Standard Document Upload

Complex Document Processing

💬 Example Interactions

Simple Upload

# User request
"Upload this technical specification document"

# Document Agent workflow
1. Analyze file: technical_spec.pdf
2. Detect: PDF format, 45 pages, technical content
3. Call: upload_document(
file_path="technical_spec.pdf",
doc_type="technical",
chunk_size=5000
)
4. Monitor: Processing progress
5. Return: "Document uploaded successfully with 23 chunks created"

Intelligent Processing

# User request
"Process this large documentation folder"

# Document Agent workflow
1. Scan folder structure
2. Identify: 15 markdown files, 3 PDFs, 2 Word docs
3. Plan: Batch processing strategy
4. Execute:
- Group markdown files for efficient processing
- Handle PDFs individually due to size
- Convert Word docs to markdown first
5. Coordinate: Multiple store_documents calls
6. Aggregate: Results from all operations
7. Return: "Processed 20 documents creating 145 searchable chunks"

🔍 Implementation Details

Agent Structure

from pydantic_ai import Agent, RunContext
from typing import List, Dict, Any

class DocumentAgent(Agent):
"""Orchestrates document processing operations"""

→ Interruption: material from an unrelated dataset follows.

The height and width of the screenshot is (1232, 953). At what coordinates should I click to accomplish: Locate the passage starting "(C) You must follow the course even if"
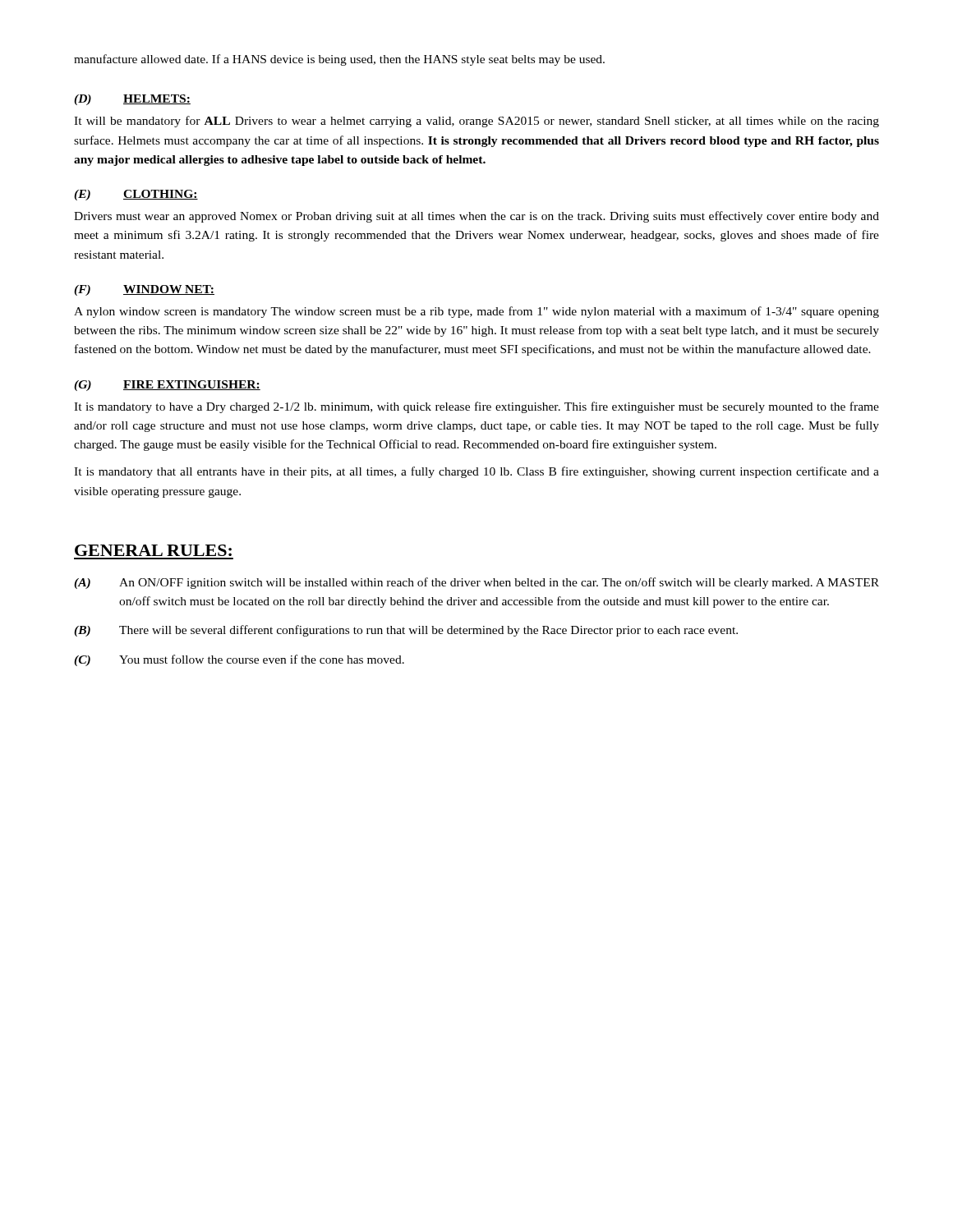click(239, 660)

name = "document_processor"
description = "Handles document uploads and processing"

tools = [
"upload_document",
"store_documents",
"manage_document",
"manage_versions"
]

async def process_request(
self,
context: RunContext,
request: str
) -> Dict[str, Any]:
# Analyze request and determine strategy
strategy = self.analyze_request(request)

# Execute appropriate workflow
if strategy.type == "single_upload":
return await self.single_document_workflow(context, strategy)
elif strategy.type == "batch_process":
return await self.batch_workflow(context, strategy)
# ... more strategies

Decision Making

The Document Agent makes intelligent decisions about:

  1. Chunk Size: Based on document type and content
  2. Processing Order: Prioritizes based on dependencies
  3. Parallelization: When to process in parallel vs sequential
  4. Error Handling: Retry strategies for failed operations

📈 Performance Optimization

Batching Strategy

  • Groups similar documents for efficient processing
  • Minimizes API calls by batching operations
  • Balances batch size with memory constraints

Caching Decisions

  • Remembers processing strategies for similar documents
  • Caches metadata extraction results
  • Reuses successful workflow patterns

🚨 Error Handling

Common Scenarios

  1. Large File Handling

    • Automatically switches to streaming mode
    • Breaks into smaller chunks for processing
  2. Format Issues

    • Falls back to text extraction
    • Attempts multiple parsing strategies
  3. Network Failures

    • Implements exponential backoff
    • Saves progress for resume capability

Error Recovery Example

# Workflow with error handling
try:
result = await upload_document(file_path)
except FileTooLargeError:
# Switch to chunked upload
chunks = await prepare_chunks(file_path)
results = []
for chunk in chunks:
result = await store_documents([chunk])
results.append(result)
return aggregate_results(results)

🔗 Integration Examples

With Project Management

# Creating project documentation
"Create project documentation from these design files"

# Agent coordinates:
1. manage_project() - Create or find project
2. upload_document() - Process each design file
3. manage_document() - Link to project
4. manage_versions() - Set up version tracking

With Knowledge Base

# Building knowledge base
"Add all our API documentation to the knowledge base"

# Agent coordinates:
1. crawl_single_page() - For online docs
2. upload_document() - For local files
3. store_documents() - For processed content
4. Cross-reference with existing content

📊 Monitoring & Metrics

Key Metrics Tracked

  • Processing Time: Per document and total
  • Chunk Count: Documents to chunks ratio
  • Success Rate: Successful vs failed uploads
  • Tool Usage: Which MCP tools used most

Processing Traces

The Document Agent provides detailed processing traces showing document type, file size, and processing strategy for each operation.